How artist collective Meow Wolf’s website complements their immersive venues


When you enter one of Meow Wolf’s large-scale immersive art experiences, you step into what we can only describe as a different world. Between swirling colors, secret passageways, funky audio experiences, and rooms that act as portals, visitors are in for a wild ride.

Meow Wolf was established as an arts collective in 2008. Along with their first location, House of Eternal Return in Santa Fe, they also recently opened the doors to Omega Mart in Las Vegas and will soon be opening a third location in Denver. To get a behind-the-scenes look at how they translate their entrancing in-person experience to the web, we chatted with Geet Jacobs, Director of Digital Ops at Meow Wolf.

An image of the Meow Wolf "Visit" drop down menu.

Geet has been a web developer for more than 22 years. He began his website building journey while working at an art gallery, and learned how to get creative with interactive elements and music on websites. It was when he started working with nonprofits that he developed an affinity for building completely custom sites that were affordable and efficient.

About four years ago, Geet was hired by Meow Wolf to bring the immersive feel of their art exhibits to life on the web.

The journey to Webflow

Once he was hired at Meow Wolf, Geet started building out a team of designers, developers, and brand folks to create a site that could sell tickets, sell merchandise, connect with the Meow Wolf community, and drum up hype for their current and new locations, exhibits, and projects. It was — and still is — no small feat.

When the team reached six people, they decided to get “cooler” with their site and build a fully custom graphQL middle layer with React as their front-end. With that strategy, they spent a year building their site using a popular mainstream website builder. While they learned a lot along the way, it demanded too much of their small team’s time and resources. “Our team learned a lot, but it was so much work,” Geet said. “There were so many bugs.”

Another view of the Meow Wolf website.

When it came time to revamp their site during a switch of exhibitions at Meow Wolf, they grew to a point where more capabilities and reliability were needed. So they looked into switching platforms. At the time, Geet thought, “Well wait, we built this monolith — what are we going to do?” They wanted something that would be easier to set up and upkeep, could handle multiple types of collections, and had an intuitive front-end.

Mirroring Meow Wolf on the web

Geet was familiar with Webflow from its early days and decided to look into it again as a powerful and secure solution for their rebuild.  Instead of dedicating his team’s time to rebuilding it themselves, he found a contract Webflow developer, Aaron Grieve.

What took one year to build in WordPress with six people took one month and one developer to rebuild in Webflow.

An image of the Meow Wolf timeline.

For visuals, the team prototypes in Figma.
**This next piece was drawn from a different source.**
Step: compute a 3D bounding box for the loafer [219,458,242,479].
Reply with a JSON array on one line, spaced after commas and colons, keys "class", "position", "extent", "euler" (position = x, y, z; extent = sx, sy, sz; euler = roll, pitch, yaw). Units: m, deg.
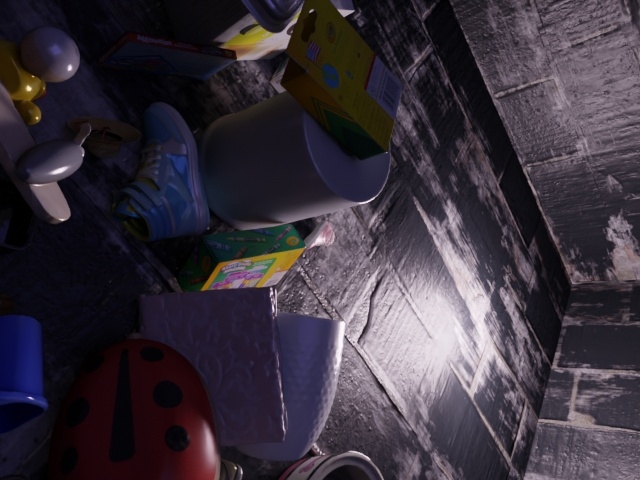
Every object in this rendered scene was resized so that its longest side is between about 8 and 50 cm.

Homepage transitions, swishes, swirls, loops, and transitions that were previously custom built in React were duplicated and made better in Webflow. “Webflow makes it super easy,” Geet said.

Geet and his team make ample use of the marriage between no-code and custom code as well. Some examples of this include the alternating left vs right structure on the projects page and the filter feature on the press page. For the filters, Geet uses a combination of Webflow collections, Isotope library, and custom API calls to third-party platforms.

An image of the Meow Wolf press articles page.

The video player is also a proud project for Geet. To allow visitors to have their video experience consistent with the Meow Wolf brand, he customized a Vimeo link to auto-convert to their custom video player. This allows for a visitor to get lost in the video section of their site, just as they might lose themselves inside a Meow Wolf exhibition.

An image of the Meow Wolf Kaleidoscape video player.

Meow Wolf at Home

A few months into the pandemic, the team built Meow Wolf At Home in Webflow in three days.

They wanted to highlight how people can create, and express themselves creatively, at home. Webflow enabled them to spin this at-home resource up quickly, between two people — something the Meow Wolf team is grateful for.

A view of Meow Wolf At Home.

Webflow enables art and online to collide

After making the switch from WordPress to Webflow, and with time and creativity back in their hands, Geet, his team, and Aaron can now get uber-creative with their projects. Some of those are more experimental, like lawyerman.lawyer, which fit into a larger experiential/out of home marketing play.

A gif showcasing part of the Meow Wolf at Home experience — build on Webflow.

“Webflow allows for a very easy way to stand out, in a different way. It’s a dynamic website to make your experience look like you spent a lot more money on your website than you did,” Geet said. “It puts the power back in the hands of creative designers, instead of depending on developers to build the immersive worlds that these experiences provide to people.”

After seeing the progress the site has made in allowing Meow Wolf’s website to be another type of portal for their customers and creative teams, they plan to move the rest of their sites over to Webflow. With it, their sites can serve as portals of empowerment and ingenuity — ones that bring digital creativity back into the hands of the creative designer.